Operations typically done in an existing zone may include stimulation, reperforating, perforating additional intervals, and plugging off unwanted perforations (because of high gas or water production).

Recompletion work varies depending on whether the new zone is above or below the currently open zone. If above, the lower zone will be abandoned via squeeze cementing (Figure 4), a cement plug, or a mechanical bridge plug, and the zone of interest will be perforated and stimulated. Appropriate outflow equipment will then be installed. If the new zone is below, the existing zone will probably be squeeze cemented (in the same manner as repairing casing, as shown in Figure 3). The cement in the wellbore is drilled out, the lower zone perforated and stimulated, and production equipment run. Some wells have had sufficient well work done upon initial completion to permit recompletion by simply using a wireline to run plugs and open sleeves.

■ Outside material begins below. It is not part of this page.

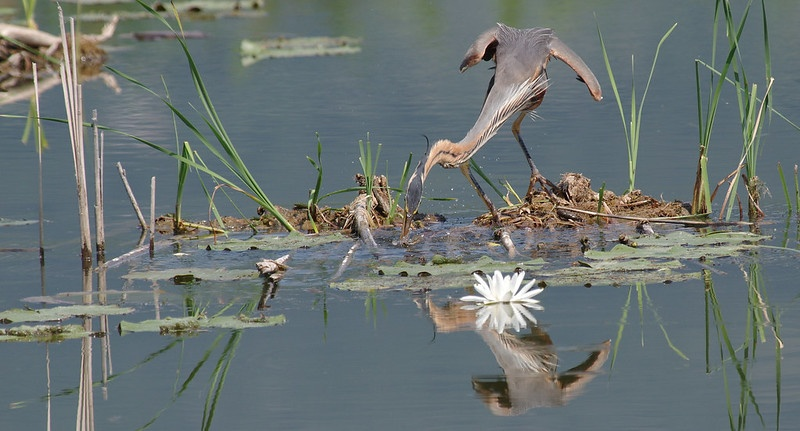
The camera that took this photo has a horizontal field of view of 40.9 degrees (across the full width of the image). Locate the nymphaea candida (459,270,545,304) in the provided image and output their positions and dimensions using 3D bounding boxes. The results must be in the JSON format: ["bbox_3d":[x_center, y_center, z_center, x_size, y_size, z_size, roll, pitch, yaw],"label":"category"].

Wellbore workovers can include casing or equipment repair, but may also simply involve cleaning out fill over the producing zone or circulating chemicals to remove scale or paraffin.

Many workovers involve the installation, maintenance, and repair of artificial lift equipment in the wellbore. About 85% of the oil wells in the United States are on some form of artificial lift. Approximately 85% of those wells are on rod pump, 10% on gas lift, and 5% on submersible or hydraulic pumps. Rigs are required for most artificial lift workovers; however, many gas lift wells can be serviced with a wireline.

Workover equipment

Workovers can be done with conventional rigs (smaller but similar to drilling rigs) or nonconventional systems. Conventional rigs can be equipped to handle almost all types of work that may be required (see Land rigs). Nonconventional systems allow specific types of work to be done without pulling the tubing, disassembling the Christmas tree, or even killing the well. This is accomplished by using lubricators and packoff equipment at the surface and by running the required equipment inside the production tubing. Common types of nonconventional systems are wireline units, coiled tubing units, and snubbing units. Generally, these systems are designed to do a relatively narrow scope of work.

Wireline units use special equipment (Figure 5) on a solid wireline to gather data (pressure, temperature, and depth) and to set, manipulate, and/or retrieve tubing plugs, sliding sleeves, flow regulators, gas lift valves, safety valves, and wireline fishing tools. Wireline equipment can also be used to cut paraffin and remove wellbore fill. Prior planning, good operators, good equipment, and reasonable well conditions are prerequisites to the success of this method.

Coiled tubing units (Figure 6) find application in cleanout work, stimulation, plugback jobs, and unloading wells with nitrogen. Coiled tubing units can have 10,000 to depth::15,000 ft of pipe (usually 1-in. outside diameter) that can be reeled continuously into the wellbore. The pipe can be used to pump into the well and circulate fluids such as water, acid, or cement. The use of a dynadrill permits some drilling with coiled tubing. Limitations of coiled tubing include the reduced strength of the tubing and low pumping rates (high friction pressure because of the diameter and length). Coiled tubing can be run into wells against pressures up to 5000 psi.

Snubbing units (Figure 7) use hydraulic pressure and rams to introduce small, coupled tubing into the well, if necessary, against pressures above 5000 psi. The tubing is stronger and can be rotated so that tougher cleanout or fishing jobs can be accomplished. Snubbing units are used for the same type of jobs as are coiled tubing units, but their compactness is an advantage in offshore work. They are slow and expensive, but in the right applications, they are the more economical way to accomplish the task.